Exploring and mining attributed sequences of interactions
- URL: http://arxiv.org/abs/2107.13329v1
- Date: Wed, 28 Jul 2021 12:53:46 GMT
- Title: Exploring and mining attributed sequences of interactions
- Authors: Tiphaine Viard, Henry Soldano, Guillaume Santini
- Abstract summary: We model interactions as stream graphs, a recent framework to model interactions over time.
We introduce algorithms to enumerate closed patterns on a labeled stream graph, and introduce a way to select relevant closed patterns.
We run experiments on two real-world datasets of interactions among students and citations between authors.
- Score: 0.1933681537640272
- License: http://creativecommons.org/licenses/by-nc-sa/4.0/
- Abstract: We are faced with data comprised of entities interacting over time: this can
be individuals meeting, customers buying products, machines exchanging packets
on the IP network, among others. Capturing the dynamics as well as the
structure of these interactions is of crucial importance for analysis. These
interactions can almost always be labeled with content: group belonging,
reviews of products, abstracts, etc. We model these stream of interactions as
stream graphs, a recent framework to model interactions over time.
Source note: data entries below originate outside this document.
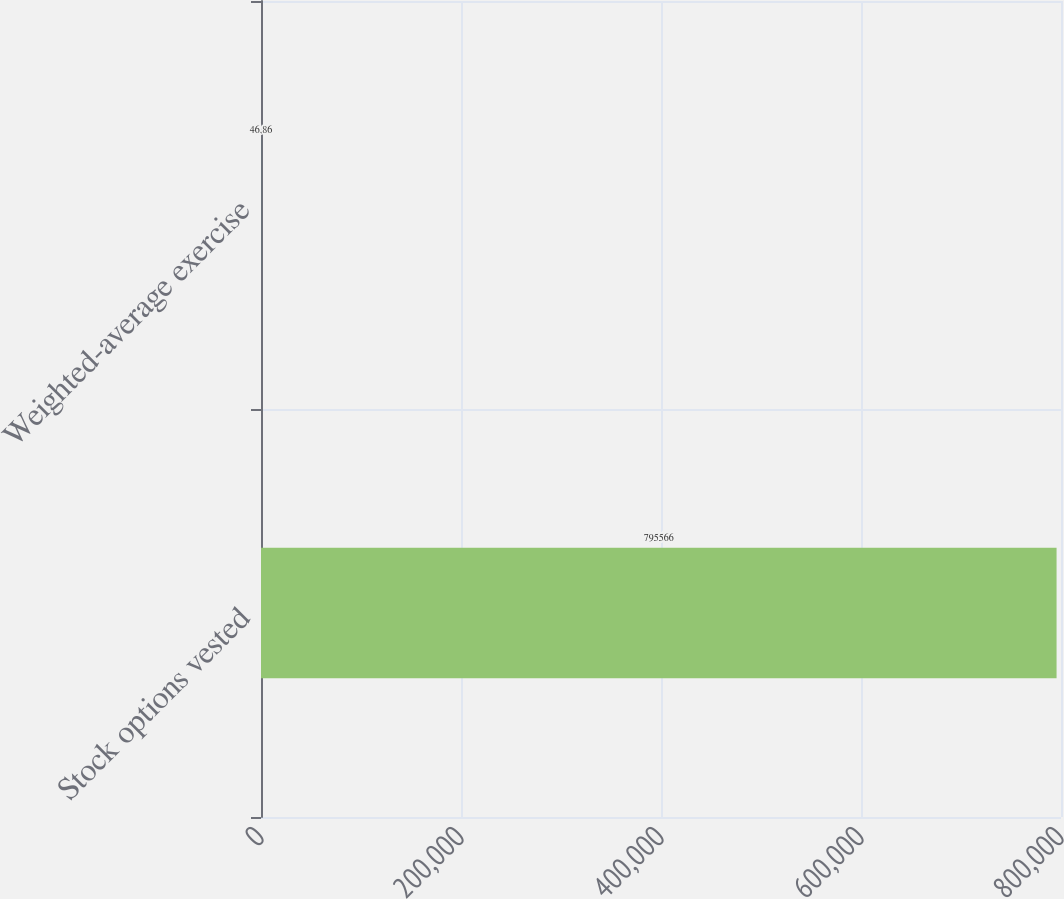<chart> <loc_0><loc_0><loc_500><loc_500><bar_chart><fcel>Stock options vested<fcel>Weighted-average exercise<nl><fcel>795566<fcel>46.86<nl></chart> 
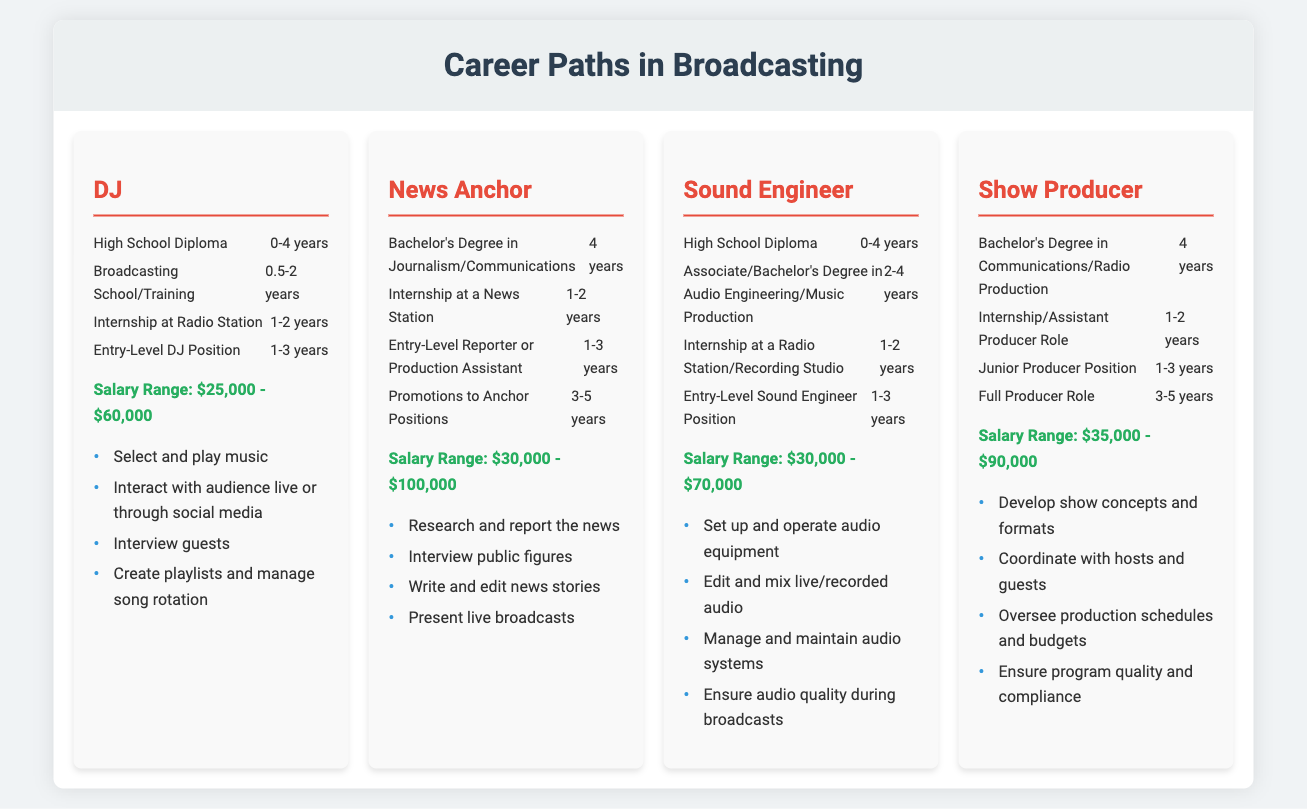What is the salary range for a DJ? The salary range for a DJ is found under the corresponding section in the document.
Answer: $25,000 - $60,000 How many years of experience are typically required for a News Anchor to get promoted to an anchor position? The number of years needed for a promotion to an anchor position is listed in the qualifications section of the News Anchor career.
Answer: 3-5 years What degree is required to become a Sound Engineer? The required degree for a Sound Engineer is mentioned in the qualifications timeline.
Answer: Associate/Bachelor's Degree in Audio Engineering/Music Production What is a primary job role of a Show Producer? A primary job role of a Show Producer can be found in the list of job roles for this career.
Answer: Develop show concepts and formats Which broadcasting career generally requires a Bachelor's degree? The careers requiring a Bachelor's degree can be compared in the educational requirement sections of each job.
Answer: News Anchor, Show Producer 
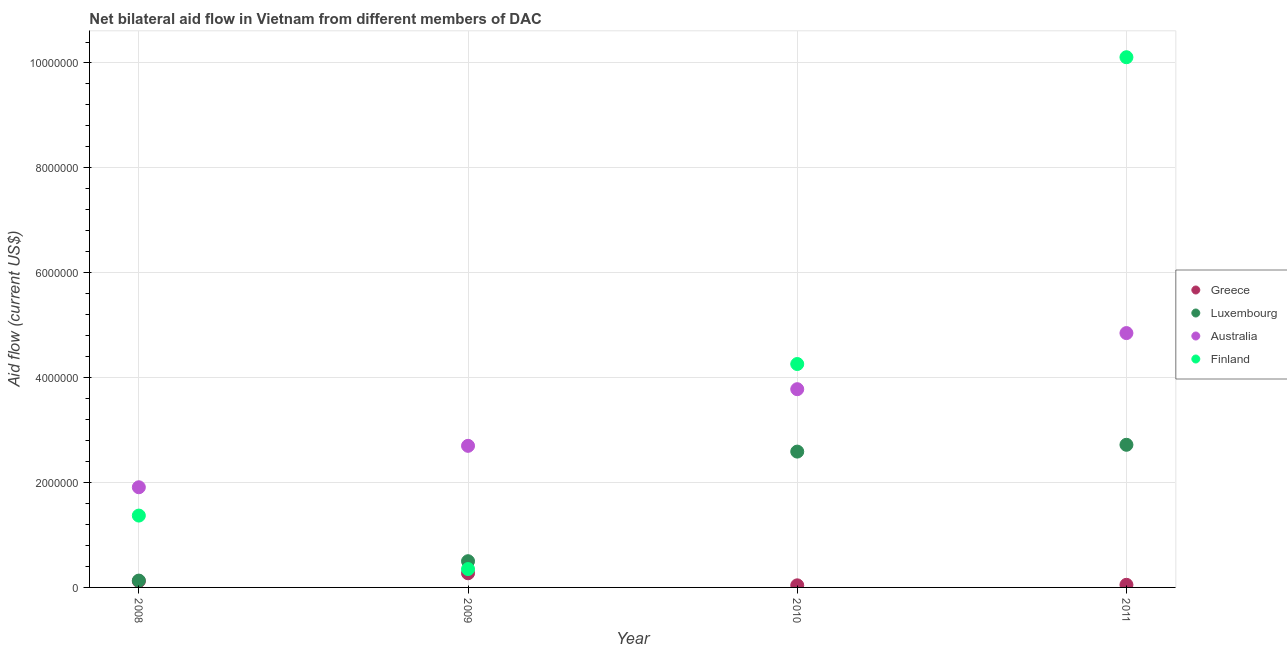How many different coloured dotlines are there?
Offer a very short reply. 4. What is the amount of aid given by greece in 2009?
Offer a terse response. 2.70e+05. Across all years, what is the maximum amount of aid given by finland?
Provide a short and direct response. 1.01e+07. Across all years, what is the minimum amount of aid given by finland?
Offer a very short reply. 3.50e+05. In which year was the amount of aid given by greece maximum?
Your answer should be compact. 2009. In which year was the amount of aid given by finland minimum?
Offer a very short reply. 2009. What is the total amount of aid given by greece in the graph?
Make the answer very short. 4.80e+05. What is the difference between the amount of aid given by australia in 2008 and that in 2010?
Provide a succinct answer. -1.87e+06. What is the difference between the amount of aid given by luxembourg in 2009 and the amount of aid given by australia in 2008?
Your answer should be compact. -1.41e+06. What is the average amount of aid given by finland per year?
Provide a succinct answer. 4.02e+06. In the year 2011, what is the difference between the amount of aid given by finland and amount of aid given by australia?
Provide a short and direct response. 5.26e+06. What is the ratio of the amount of aid given by greece in 2009 to that in 2011?
Your response must be concise. 5.4. What is the difference between the highest and the second highest amount of aid given by luxembourg?
Your response must be concise. 1.30e+05. What is the difference between the highest and the lowest amount of aid given by finland?
Make the answer very short. 9.76e+06. Is the sum of the amount of aid given by greece in 2008 and 2009 greater than the maximum amount of aid given by australia across all years?
Give a very brief answer. No. Is the amount of aid given by greece strictly greater than the amount of aid given by luxembourg over the years?
Give a very brief answer. No. Is the amount of aid given by luxembourg strictly less than the amount of aid given by australia over the years?
Ensure brevity in your answer.  Yes. How many years are there in the graph?
Your response must be concise. 4. Does the graph contain grids?
Ensure brevity in your answer.  Yes. How many legend labels are there?
Make the answer very short. 4. What is the title of the graph?
Your response must be concise. Net bilateral aid flow in Vietnam from different members of DAC. Does "Grants and Revenue" appear as one of the legend labels in the graph?
Give a very brief answer. No. What is the label or title of the Y-axis?
Keep it short and to the point. Aid flow (current US$). What is the Aid flow (current US$) of Australia in 2008?
Offer a terse response. 1.91e+06. What is the Aid flow (current US$) in Finland in 2008?
Give a very brief answer. 1.37e+06. What is the Aid flow (current US$) of Australia in 2009?
Give a very brief answer. 2.70e+06. What is the Aid flow (current US$) in Finland in 2009?
Your answer should be very brief. 3.50e+05. What is the Aid flow (current US$) in Luxembourg in 2010?
Offer a terse response. 2.59e+06. What is the Aid flow (current US$) in Australia in 2010?
Make the answer very short. 3.78e+06. What is the Aid flow (current US$) of Finland in 2010?
Give a very brief answer. 4.26e+06. What is the Aid flow (current US$) of Luxembourg in 2011?
Give a very brief answer. 2.72e+06. What is the Aid flow (current US$) in Australia in 2011?
Give a very brief answer. 4.85e+06. What is the Aid flow (current US$) of Finland in 2011?
Your response must be concise. 1.01e+07. Across all years, what is the maximum Aid flow (current US$) of Luxembourg?
Your answer should be very brief. 2.72e+06. Across all years, what is the maximum Aid flow (current US$) of Australia?
Make the answer very short. 4.85e+06. Across all years, what is the maximum Aid flow (current US$) in Finland?
Make the answer very short. 1.01e+07. Across all years, what is the minimum Aid flow (current US$) of Greece?
Offer a very short reply. 4.00e+04. Across all years, what is the minimum Aid flow (current US$) in Australia?
Give a very brief answer. 1.91e+06. Across all years, what is the minimum Aid flow (current US$) in Finland?
Ensure brevity in your answer.  3.50e+05. What is the total Aid flow (current US$) in Luxembourg in the graph?
Give a very brief answer. 5.94e+06. What is the total Aid flow (current US$) in Australia in the graph?
Your answer should be very brief. 1.32e+07. What is the total Aid flow (current US$) of Finland in the graph?
Provide a short and direct response. 1.61e+07. What is the difference between the Aid flow (current US$) in Luxembourg in 2008 and that in 2009?
Provide a succinct answer. -3.70e+05. What is the difference between the Aid flow (current US$) in Australia in 2008 and that in 2009?
Make the answer very short. -7.90e+05. What is the difference between the Aid flow (current US$) of Finland in 2008 and that in 2009?
Make the answer very short. 1.02e+06. What is the difference between the Aid flow (current US$) of Luxembourg in 2008 and that in 2010?
Keep it short and to the point. -2.46e+06. What is the difference between the Aid flow (current US$) in Australia in 2008 and that in 2010?
Provide a succinct answer. -1.87e+06. What is the difference between the Aid flow (current US$) of Finland in 2008 and that in 2010?
Provide a succinct answer. -2.89e+06. What is the difference between the Aid flow (current US$) in Greece in 2008 and that in 2011?
Offer a very short reply. 7.00e+04. What is the difference between the Aid flow (current US$) of Luxembourg in 2008 and that in 2011?
Provide a succinct answer. -2.59e+06. What is the difference between the Aid flow (current US$) in Australia in 2008 and that in 2011?
Your answer should be compact. -2.94e+06. What is the difference between the Aid flow (current US$) of Finland in 2008 and that in 2011?
Give a very brief answer. -8.74e+06. What is the difference between the Aid flow (current US$) in Luxembourg in 2009 and that in 2010?
Your answer should be very brief. -2.09e+06. What is the difference between the Aid flow (current US$) in Australia in 2009 and that in 2010?
Provide a succinct answer. -1.08e+06. What is the difference between the Aid flow (current US$) in Finland in 2009 and that in 2010?
Your answer should be compact. -3.91e+06. What is the difference between the Aid flow (current US$) of Luxembourg in 2009 and that in 2011?
Give a very brief answer. -2.22e+06. What is the difference between the Aid flow (current US$) of Australia in 2009 and that in 2011?
Ensure brevity in your answer.  -2.15e+06. What is the difference between the Aid flow (current US$) of Finland in 2009 and that in 2011?
Make the answer very short. -9.76e+06. What is the difference between the Aid flow (current US$) in Luxembourg in 2010 and that in 2011?
Ensure brevity in your answer.  -1.30e+05. What is the difference between the Aid flow (current US$) in Australia in 2010 and that in 2011?
Offer a very short reply. -1.07e+06. What is the difference between the Aid flow (current US$) in Finland in 2010 and that in 2011?
Give a very brief answer. -5.85e+06. What is the difference between the Aid flow (current US$) in Greece in 2008 and the Aid flow (current US$) in Luxembourg in 2009?
Make the answer very short. -3.80e+05. What is the difference between the Aid flow (current US$) of Greece in 2008 and the Aid flow (current US$) of Australia in 2009?
Provide a short and direct response. -2.58e+06. What is the difference between the Aid flow (current US$) in Greece in 2008 and the Aid flow (current US$) in Finland in 2009?
Make the answer very short. -2.30e+05. What is the difference between the Aid flow (current US$) of Luxembourg in 2008 and the Aid flow (current US$) of Australia in 2009?
Provide a succinct answer. -2.57e+06. What is the difference between the Aid flow (current US$) of Luxembourg in 2008 and the Aid flow (current US$) of Finland in 2009?
Offer a very short reply. -2.20e+05. What is the difference between the Aid flow (current US$) of Australia in 2008 and the Aid flow (current US$) of Finland in 2009?
Keep it short and to the point. 1.56e+06. What is the difference between the Aid flow (current US$) of Greece in 2008 and the Aid flow (current US$) of Luxembourg in 2010?
Your response must be concise. -2.47e+06. What is the difference between the Aid flow (current US$) of Greece in 2008 and the Aid flow (current US$) of Australia in 2010?
Provide a short and direct response. -3.66e+06. What is the difference between the Aid flow (current US$) of Greece in 2008 and the Aid flow (current US$) of Finland in 2010?
Give a very brief answer. -4.14e+06. What is the difference between the Aid flow (current US$) of Luxembourg in 2008 and the Aid flow (current US$) of Australia in 2010?
Keep it short and to the point. -3.65e+06. What is the difference between the Aid flow (current US$) in Luxembourg in 2008 and the Aid flow (current US$) in Finland in 2010?
Keep it short and to the point. -4.13e+06. What is the difference between the Aid flow (current US$) of Australia in 2008 and the Aid flow (current US$) of Finland in 2010?
Provide a succinct answer. -2.35e+06. What is the difference between the Aid flow (current US$) of Greece in 2008 and the Aid flow (current US$) of Luxembourg in 2011?
Offer a terse response. -2.60e+06. What is the difference between the Aid flow (current US$) of Greece in 2008 and the Aid flow (current US$) of Australia in 2011?
Make the answer very short. -4.73e+06. What is the difference between the Aid flow (current US$) in Greece in 2008 and the Aid flow (current US$) in Finland in 2011?
Your answer should be very brief. -9.99e+06. What is the difference between the Aid flow (current US$) of Luxembourg in 2008 and the Aid flow (current US$) of Australia in 2011?
Offer a very short reply. -4.72e+06. What is the difference between the Aid flow (current US$) in Luxembourg in 2008 and the Aid flow (current US$) in Finland in 2011?
Your answer should be compact. -9.98e+06. What is the difference between the Aid flow (current US$) of Australia in 2008 and the Aid flow (current US$) of Finland in 2011?
Ensure brevity in your answer.  -8.20e+06. What is the difference between the Aid flow (current US$) of Greece in 2009 and the Aid flow (current US$) of Luxembourg in 2010?
Make the answer very short. -2.32e+06. What is the difference between the Aid flow (current US$) in Greece in 2009 and the Aid flow (current US$) in Australia in 2010?
Provide a succinct answer. -3.51e+06. What is the difference between the Aid flow (current US$) in Greece in 2009 and the Aid flow (current US$) in Finland in 2010?
Give a very brief answer. -3.99e+06. What is the difference between the Aid flow (current US$) of Luxembourg in 2009 and the Aid flow (current US$) of Australia in 2010?
Provide a short and direct response. -3.28e+06. What is the difference between the Aid flow (current US$) of Luxembourg in 2009 and the Aid flow (current US$) of Finland in 2010?
Keep it short and to the point. -3.76e+06. What is the difference between the Aid flow (current US$) of Australia in 2009 and the Aid flow (current US$) of Finland in 2010?
Provide a short and direct response. -1.56e+06. What is the difference between the Aid flow (current US$) in Greece in 2009 and the Aid flow (current US$) in Luxembourg in 2011?
Provide a short and direct response. -2.45e+06. What is the difference between the Aid flow (current US$) of Greece in 2009 and the Aid flow (current US$) of Australia in 2011?
Your answer should be compact. -4.58e+06. What is the difference between the Aid flow (current US$) of Greece in 2009 and the Aid flow (current US$) of Finland in 2011?
Provide a succinct answer. -9.84e+06. What is the difference between the Aid flow (current US$) in Luxembourg in 2009 and the Aid flow (current US$) in Australia in 2011?
Make the answer very short. -4.35e+06. What is the difference between the Aid flow (current US$) in Luxembourg in 2009 and the Aid flow (current US$) in Finland in 2011?
Offer a very short reply. -9.61e+06. What is the difference between the Aid flow (current US$) of Australia in 2009 and the Aid flow (current US$) of Finland in 2011?
Provide a succinct answer. -7.41e+06. What is the difference between the Aid flow (current US$) in Greece in 2010 and the Aid flow (current US$) in Luxembourg in 2011?
Give a very brief answer. -2.68e+06. What is the difference between the Aid flow (current US$) of Greece in 2010 and the Aid flow (current US$) of Australia in 2011?
Your response must be concise. -4.81e+06. What is the difference between the Aid flow (current US$) of Greece in 2010 and the Aid flow (current US$) of Finland in 2011?
Provide a short and direct response. -1.01e+07. What is the difference between the Aid flow (current US$) of Luxembourg in 2010 and the Aid flow (current US$) of Australia in 2011?
Make the answer very short. -2.26e+06. What is the difference between the Aid flow (current US$) in Luxembourg in 2010 and the Aid flow (current US$) in Finland in 2011?
Keep it short and to the point. -7.52e+06. What is the difference between the Aid flow (current US$) of Australia in 2010 and the Aid flow (current US$) of Finland in 2011?
Your answer should be very brief. -6.33e+06. What is the average Aid flow (current US$) in Luxembourg per year?
Your answer should be compact. 1.48e+06. What is the average Aid flow (current US$) in Australia per year?
Give a very brief answer. 3.31e+06. What is the average Aid flow (current US$) of Finland per year?
Your response must be concise. 4.02e+06. In the year 2008, what is the difference between the Aid flow (current US$) of Greece and Aid flow (current US$) of Australia?
Ensure brevity in your answer.  -1.79e+06. In the year 2008, what is the difference between the Aid flow (current US$) in Greece and Aid flow (current US$) in Finland?
Offer a terse response. -1.25e+06. In the year 2008, what is the difference between the Aid flow (current US$) in Luxembourg and Aid flow (current US$) in Australia?
Make the answer very short. -1.78e+06. In the year 2008, what is the difference between the Aid flow (current US$) in Luxembourg and Aid flow (current US$) in Finland?
Your answer should be compact. -1.24e+06. In the year 2008, what is the difference between the Aid flow (current US$) of Australia and Aid flow (current US$) of Finland?
Ensure brevity in your answer.  5.40e+05. In the year 2009, what is the difference between the Aid flow (current US$) of Greece and Aid flow (current US$) of Luxembourg?
Provide a short and direct response. -2.30e+05. In the year 2009, what is the difference between the Aid flow (current US$) of Greece and Aid flow (current US$) of Australia?
Ensure brevity in your answer.  -2.43e+06. In the year 2009, what is the difference between the Aid flow (current US$) of Greece and Aid flow (current US$) of Finland?
Ensure brevity in your answer.  -8.00e+04. In the year 2009, what is the difference between the Aid flow (current US$) in Luxembourg and Aid flow (current US$) in Australia?
Keep it short and to the point. -2.20e+06. In the year 2009, what is the difference between the Aid flow (current US$) of Luxembourg and Aid flow (current US$) of Finland?
Provide a succinct answer. 1.50e+05. In the year 2009, what is the difference between the Aid flow (current US$) of Australia and Aid flow (current US$) of Finland?
Offer a very short reply. 2.35e+06. In the year 2010, what is the difference between the Aid flow (current US$) of Greece and Aid flow (current US$) of Luxembourg?
Your response must be concise. -2.55e+06. In the year 2010, what is the difference between the Aid flow (current US$) in Greece and Aid flow (current US$) in Australia?
Your response must be concise. -3.74e+06. In the year 2010, what is the difference between the Aid flow (current US$) in Greece and Aid flow (current US$) in Finland?
Your answer should be compact. -4.22e+06. In the year 2010, what is the difference between the Aid flow (current US$) in Luxembourg and Aid flow (current US$) in Australia?
Give a very brief answer. -1.19e+06. In the year 2010, what is the difference between the Aid flow (current US$) in Luxembourg and Aid flow (current US$) in Finland?
Offer a terse response. -1.67e+06. In the year 2010, what is the difference between the Aid flow (current US$) in Australia and Aid flow (current US$) in Finland?
Keep it short and to the point. -4.80e+05. In the year 2011, what is the difference between the Aid flow (current US$) in Greece and Aid flow (current US$) in Luxembourg?
Your answer should be compact. -2.67e+06. In the year 2011, what is the difference between the Aid flow (current US$) in Greece and Aid flow (current US$) in Australia?
Make the answer very short. -4.80e+06. In the year 2011, what is the difference between the Aid flow (current US$) in Greece and Aid flow (current US$) in Finland?
Make the answer very short. -1.01e+07. In the year 2011, what is the difference between the Aid flow (current US$) in Luxembourg and Aid flow (current US$) in Australia?
Your answer should be compact. -2.13e+06. In the year 2011, what is the difference between the Aid flow (current US$) in Luxembourg and Aid flow (current US$) in Finland?
Offer a terse response. -7.39e+06. In the year 2011, what is the difference between the Aid flow (current US$) of Australia and Aid flow (current US$) of Finland?
Give a very brief answer. -5.26e+06. What is the ratio of the Aid flow (current US$) in Greece in 2008 to that in 2009?
Your response must be concise. 0.44. What is the ratio of the Aid flow (current US$) of Luxembourg in 2008 to that in 2009?
Offer a terse response. 0.26. What is the ratio of the Aid flow (current US$) of Australia in 2008 to that in 2009?
Give a very brief answer. 0.71. What is the ratio of the Aid flow (current US$) of Finland in 2008 to that in 2009?
Offer a very short reply. 3.91. What is the ratio of the Aid flow (current US$) in Greece in 2008 to that in 2010?
Ensure brevity in your answer.  3. What is the ratio of the Aid flow (current US$) of Luxembourg in 2008 to that in 2010?
Offer a very short reply. 0.05. What is the ratio of the Aid flow (current US$) in Australia in 2008 to that in 2010?
Ensure brevity in your answer.  0.51. What is the ratio of the Aid flow (current US$) of Finland in 2008 to that in 2010?
Provide a short and direct response. 0.32. What is the ratio of the Aid flow (current US$) of Greece in 2008 to that in 2011?
Provide a succinct answer. 2.4. What is the ratio of the Aid flow (current US$) of Luxembourg in 2008 to that in 2011?
Your answer should be compact. 0.05. What is the ratio of the Aid flow (current US$) in Australia in 2008 to that in 2011?
Offer a very short reply. 0.39. What is the ratio of the Aid flow (current US$) of Finland in 2008 to that in 2011?
Your answer should be very brief. 0.14. What is the ratio of the Aid flow (current US$) of Greece in 2009 to that in 2010?
Provide a short and direct response. 6.75. What is the ratio of the Aid flow (current US$) in Luxembourg in 2009 to that in 2010?
Your answer should be very brief. 0.19. What is the ratio of the Aid flow (current US$) of Australia in 2009 to that in 2010?
Offer a very short reply. 0.71. What is the ratio of the Aid flow (current US$) of Finland in 2009 to that in 2010?
Keep it short and to the point. 0.08. What is the ratio of the Aid flow (current US$) in Greece in 2009 to that in 2011?
Offer a terse response. 5.4. What is the ratio of the Aid flow (current US$) of Luxembourg in 2009 to that in 2011?
Your answer should be compact. 0.18. What is the ratio of the Aid flow (current US$) in Australia in 2009 to that in 2011?
Keep it short and to the point. 0.56. What is the ratio of the Aid flow (current US$) in Finland in 2009 to that in 2011?
Give a very brief answer. 0.03. What is the ratio of the Aid flow (current US$) in Luxembourg in 2010 to that in 2011?
Keep it short and to the point. 0.95. What is the ratio of the Aid flow (current US$) of Australia in 2010 to that in 2011?
Give a very brief answer. 0.78. What is the ratio of the Aid flow (current US$) in Finland in 2010 to that in 2011?
Your answer should be compact. 0.42. What is the difference between the highest and the second highest Aid flow (current US$) in Luxembourg?
Your answer should be very brief. 1.30e+05. What is the difference between the highest and the second highest Aid flow (current US$) in Australia?
Make the answer very short. 1.07e+06. What is the difference between the highest and the second highest Aid flow (current US$) in Finland?
Offer a very short reply. 5.85e+06. What is the difference between the highest and the lowest Aid flow (current US$) of Greece?
Make the answer very short. 2.30e+05. What is the difference between the highest and the lowest Aid flow (current US$) in Luxembourg?
Make the answer very short. 2.59e+06. What is the difference between the highest and the lowest Aid flow (current US$) of Australia?
Make the answer very short. 2.94e+06. What is the difference between the highest and the lowest Aid flow (current US$) of Finland?
Ensure brevity in your answer.  9.76e+06.

Formal
Concept Analysis provides a framework for analyzing concepts evolving within a
context. Considering graphs as the context, it has recently been applied to
perform closed pattern mining on social graphs. In this paper, we are
interested in pattern mining in sequences of interactions. After recalling and
extending notions from formal concept analysis on graphs to stream graphs, we
introduce algorithms to enumerate closed patterns on a labeled stream graph,
and introduce a way to select relevant closed patterns. We run experiments on
two real-world datasets of interactions among students and citations between
authors, and show both the feasibility and the relevance of our method.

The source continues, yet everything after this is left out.